Director: by Greydon Clark
Screenplay: Dana Olsen, Michael Spound, Jim Kouf, David Greenwalt
Starring: Joe Don Baker, George Kennedy, Stella Stevens, Julia Duffy, Scott McGinnis, Jeff Altman, E.G. Daily, Andrew Clay, Michele Tobin, Sonny Carl Davis, Anthony James
Country: USA
Running Time: 87 min
Year: 1982
BBFC Certificate: 15
In the 1980s, the combined success of the slasher movie and the success of Airplane! (1980) created a boom in slasher/horror parodies. Some forewent the slasher structure for a more Shiver and Shake aesthetic (Saturday the 14th (1981), the truly execrable Hysterical (1983)), while others took a more specifically targeted look at what Leslie Halliwell would refer to as ‘the teenage assassination thriller’, e.g. Student Bodies (1981) and Pandemonium (1982). Wacko (1983), now out on a lovely blu-ray as part of 88 Films’ Slasher Classics Collection is maybe not the best slasher parody (Student Bodies has a cult following but suffers from a non-union cast), but alongside Pandemonium, it is the MOST slasher parody. The film begins with a knife cutting into a pumpkin and the ‘Pumpkinhead Killer’ struggling to breathe in his vegetable fizzog-covering (prefiguring the Lord Dark Helmet asphyxiation joke in Spaceballs).
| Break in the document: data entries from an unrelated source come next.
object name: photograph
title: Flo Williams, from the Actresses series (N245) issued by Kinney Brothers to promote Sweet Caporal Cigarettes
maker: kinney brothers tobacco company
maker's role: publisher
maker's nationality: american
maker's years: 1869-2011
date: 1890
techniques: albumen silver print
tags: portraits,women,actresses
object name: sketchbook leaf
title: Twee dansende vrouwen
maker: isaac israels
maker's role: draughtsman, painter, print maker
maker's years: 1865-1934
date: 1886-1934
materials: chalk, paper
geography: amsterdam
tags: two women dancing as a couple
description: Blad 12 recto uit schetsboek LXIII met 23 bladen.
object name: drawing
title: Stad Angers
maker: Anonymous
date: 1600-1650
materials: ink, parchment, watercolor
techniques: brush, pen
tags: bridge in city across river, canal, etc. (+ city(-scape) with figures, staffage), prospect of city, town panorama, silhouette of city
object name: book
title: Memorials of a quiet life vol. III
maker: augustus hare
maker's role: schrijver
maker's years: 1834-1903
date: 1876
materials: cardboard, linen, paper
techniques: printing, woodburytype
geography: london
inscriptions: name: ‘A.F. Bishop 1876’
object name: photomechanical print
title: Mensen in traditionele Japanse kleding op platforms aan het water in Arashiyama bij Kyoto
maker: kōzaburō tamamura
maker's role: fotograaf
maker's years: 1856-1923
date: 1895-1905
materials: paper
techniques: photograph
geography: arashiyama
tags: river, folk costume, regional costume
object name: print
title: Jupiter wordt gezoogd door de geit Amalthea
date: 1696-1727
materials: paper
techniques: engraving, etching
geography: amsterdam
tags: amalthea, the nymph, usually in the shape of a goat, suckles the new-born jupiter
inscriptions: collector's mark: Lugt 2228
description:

Thirteen years ago, the Pumpkinhead Killer drove a lawnmower and killed several children. Now, thirteen years later, survivor Mary (Julia Duffy), the sister of a victim is still comedically suffering mental trauma, seeing lawnmowers everywhere. Her parents (George Kennedy and Stella Stevens) are worried. And cop Dick Harbinger (Joe Don Baker) is supposed to solve the mystery. Can he?
Director Greydon Clark, a veteran of the exploitation scene behind such films as Black Shampoo (1976), Satan’s Cheerleaders (1977), Angels Revenge (1979) and Without Warning (1980), hit a run of films in the early to mid 80s starring Joe Don Baker, a few years down his brief Hollywood A-lister run with Walking Tall (1973), and after an even briefer run as a top TV star in shows such as Eischeid and Power, but before his resurgence as a character actor thanks to The Natural (1984) and Edge of Darkness (1985). While Final Justice (1985) is a Maltese variant of Coogan’s Bluff and Joysticks (1983) an arcade-themed sexcom, this is EVERYTHING. In many ways, it predates the Seltzer and Friedberg model of parody. That is you don’t resort to jokes as much as references. Here, we have a psycho who is obsessed with his mother’s corpse, and his name is Norman Bates. There is a creepy kid called Damien, albeit played by adult dwarf actor Michael Lee Gogin, who resembles Peter Bark in Burial Ground (1981), rather than any juvenile lead of the Omen franchise. There is a sub-Travolta love interest named Tony Schlongini played a pre-Diceman Andrew Clay. And Joe Don Baker’s family are black, in a reference to The Jerk (1979).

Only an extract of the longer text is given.